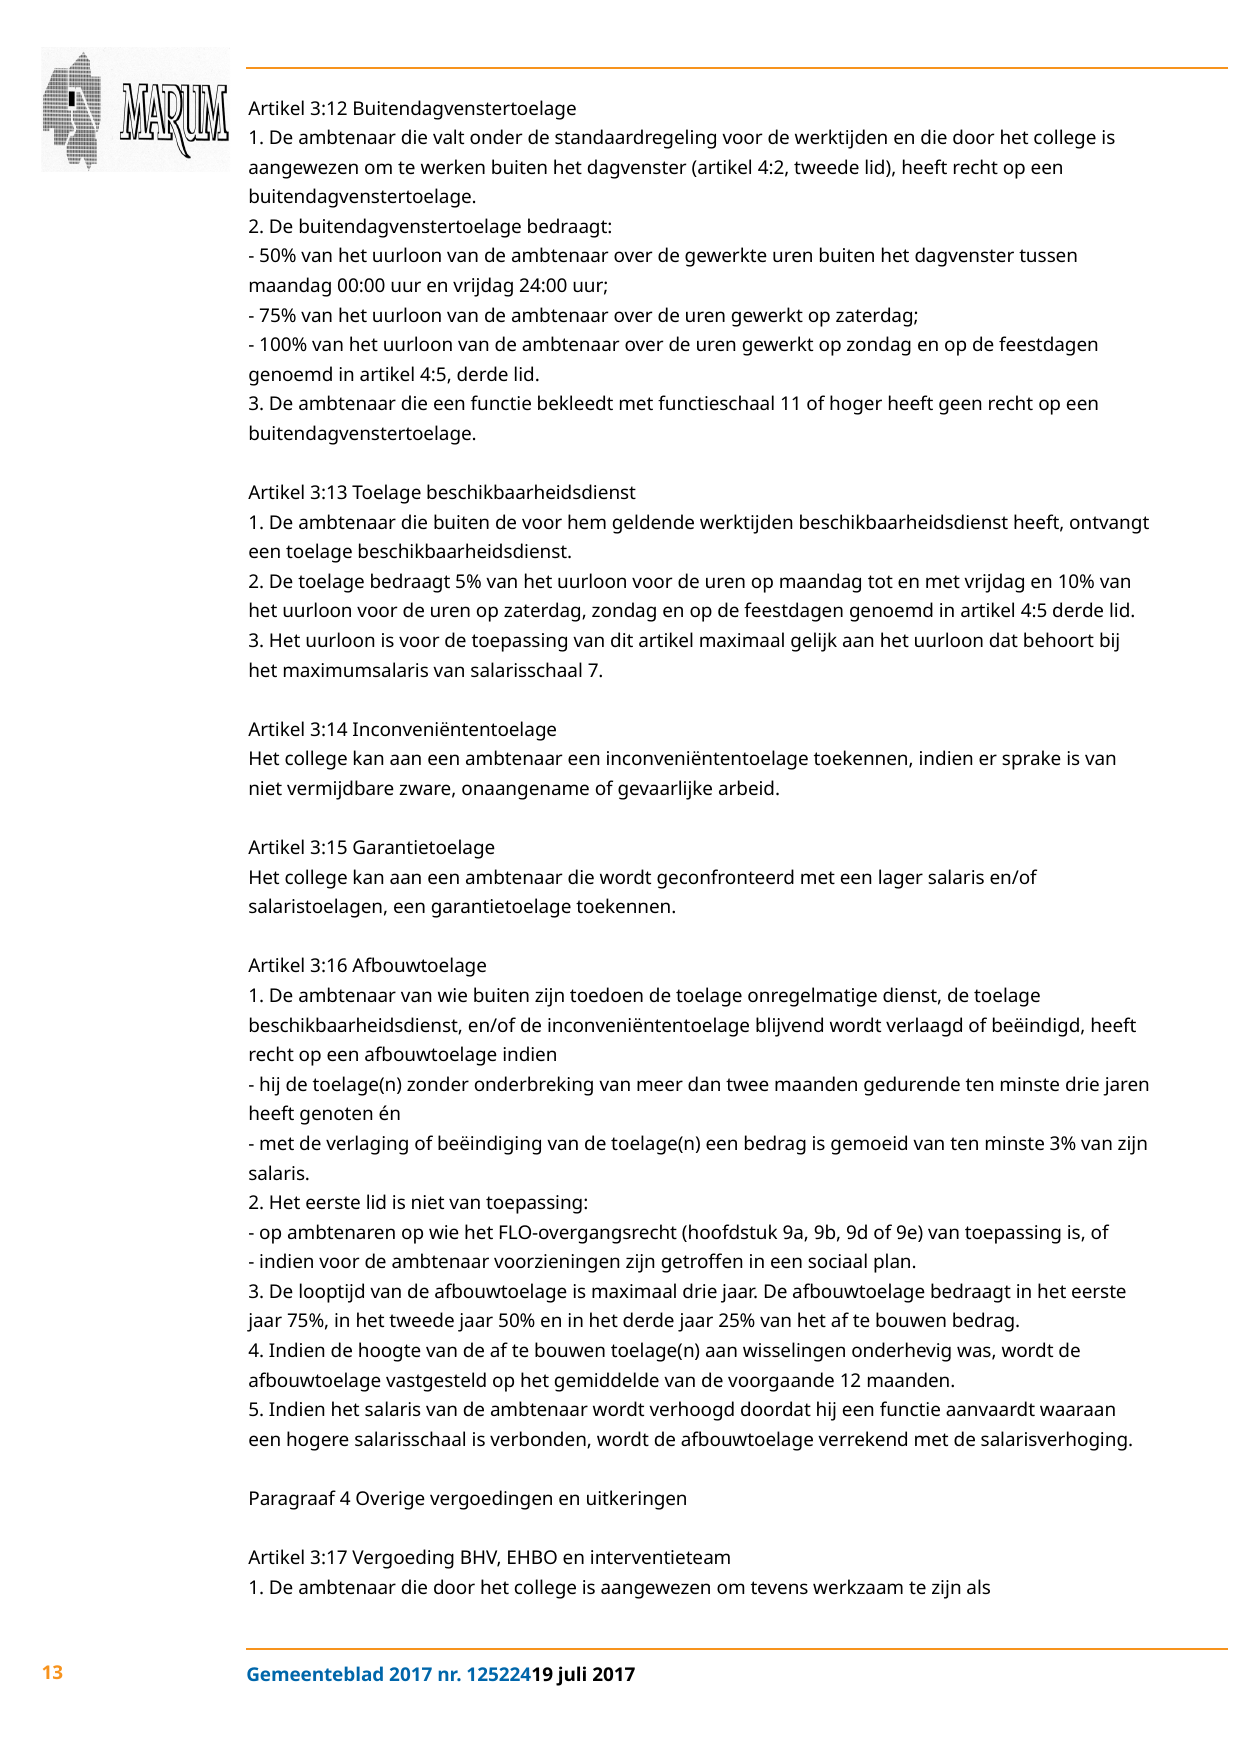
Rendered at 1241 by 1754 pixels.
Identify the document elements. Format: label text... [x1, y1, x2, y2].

text - op ambtenaren op wie het FLO-overgangsrecht (hoofdstuk 9a, 9b, 9d of 9e) van toepassing is, of [248, 1219, 1152, 1245]
text 2. Het eerste lid is niet van toepassing: [248, 1189, 1152, 1215]
text - hij de toelage(n) zonder onderbreking van meer dan twee maanden gedurende ten minste drie jaren heeft genoten én [248, 1071, 1152, 1126]
text - indien voor de ambtenaar voorzieningen zijn getroffen in een sociaal plan. [248, 1248, 1152, 1274]
picture [41, 47, 231, 172]
text 1. De ambtenaar die valt onder de standaardregeling voor de werktijden en die door het college is aangewezen om te werken buiten het dagvenster (artikel 4:2, tweede lid), heeft recht op een buitendagvenstertoelage. [248, 124, 1152, 209]
text Artikel 3:16 Afbouwtoelage [248, 953, 1152, 978]
text Artikel 3:12 Buitendagvenstertoelage [248, 95, 1152, 121]
text Het college kan aan een ambtenaar die wordt geconfronteerd met een lager salaris en/of salaristoelagen, een garantietoelage toekennen. [248, 864, 1152, 919]
text 1. De ambtenaar die buiten de voor hem geldende werktijden beschikbaarheidsdienst heeft, ontvangt een toelage beschikbaarheidsdienst. [248, 509, 1152, 564]
text 3. De looptijd van de afbouwtoelage is maximaal drie jaar. De afbouwtoelage bedraagt in het eerste jaar 75%, in het tweede jaar 50% en in het derde jaar 25% van het af te bouwen bedrag. [248, 1278, 1152, 1333]
text Paragraaf 4 Overige vergoedingen en uitkeringen [248, 1485, 1152, 1511]
text - met de verlaging of beëindiging van de toelage(n) een bedrag is gemoeid van ten minste 3% van zijn salaris. [248, 1130, 1152, 1186]
text 2. De buitendagvenstertoelage bedraagt: [248, 213, 1152, 239]
text 4. Indien de hoogte van de af te bouwen toelage(n) aan wisselingen onderhevig was, wordt de afbouwtoelage vastgesteld op het gemiddelde van de voorgaande 12 maanden. [248, 1337, 1152, 1393]
text Artikel 3:13 Toelage beschikbaarheidsdienst [248, 479, 1152, 505]
text Het college kan aan een ambtenaar een inconveniëntentoelage toekennen, indien er sprake is van niet vermijdbare zware, onaangename of gevaarlijke arbeid. [248, 746, 1152, 801]
text 5. Indien het salaris van de ambtenaar wordt verhoogd doordat hij een functie aanvaardt waaraan een hogere salarisschaal is verbonden, wordt de afbouwtoelage verrekend met de salarisverhoging. [248, 1396, 1152, 1452]
text 3. De ambtenaar die een functie bekleedt met functieschaal 11 of hoger heeft geen recht op een buitendagvenstertoelage. [248, 391, 1152, 446]
text Artikel 3:15 Garantietoelage [248, 834, 1152, 860]
text - 50% van het uurloon van de ambtenaar over de gewerkte uren buiten het dagvenster tussen maandag 00:00 uur en vrijdag 24:00 uur; [248, 243, 1152, 298]
text - 75% van het uurloon van de ambtenaar over de uren gewerkt op zaterdag; [248, 302, 1152, 328]
text 1. De ambtenaar van wie buiten zijn toedoen de toelage onregelmatige dienst, de toelage beschikbaarheidsdienst, en/of de inconveniëntentoelage blijvend wordt verlaagd of beëindigd, heeft recht op een afbouwtoelage indien [248, 982, 1152, 1067]
text - 100% van het uurloon van de ambtenaar over de uren gewerkt op zondag en op de feestdagen genoemd in artikel 4:5, derde lid. [248, 331, 1152, 387]
text Artikel 3:14 Inconveniëntentoelage [248, 716, 1152, 742]
text 3. Het uurloon is voor de toepassing van dit artikel maximaal gelijk aan het uurloon dat behoort bij het maximumsalaris van salarisschaal 7. [248, 627, 1152, 683]
text Artikel 3:17 Vergoeding BHV, EHBO en interventieteam [248, 1544, 1152, 1570]
text 1. De ambtenaar die door het college is aangewezen om tevens werkzaam te zijn als [248, 1574, 1152, 1600]
text 2. De toelage bedraagt 5% van het uurloon voor de uren op maandag tot en met vrijdag en 10% van het uurloon voor de uren op zaterdag, zondag en op de feestdagen genoemd in artikel 4:5 derde lid. [248, 568, 1152, 623]

### Required work:
Reproduce only the lines running from the one that contains "text - 100%" to the last line of the records.

### The answer:
text - 100% van het uurloon van de ambtenaar over de uren gewerkt op zondag en op de feestdagen genoemd in artikel 4:5, derde lid. [248, 331, 1152, 387]
text Artikel 3:14 Inconveniëntentoelage [248, 716, 1152, 742]
text 3. Het uurloon is voor de toepassing van dit artikel maximaal gelijk aan het uurloon dat behoort bij het maximumsalaris van salarisschaal 7. [248, 627, 1152, 683]
text Artikel 3:17 Vergoeding BHV, EHBO en interventieteam [248, 1544, 1152, 1570]
text 1. De ambtenaar die door het college is aangewezen om tevens werkzaam te zijn als [248, 1574, 1152, 1600]
text 2. De toelage bedraagt 5% van het uurloon voor de uren op maandag tot en met vrijdag en 10% van het uurloon voor de uren op zaterdag, zondag en op de feestdagen genoemd in artikel 4:5 derde lid. [248, 568, 1152, 623]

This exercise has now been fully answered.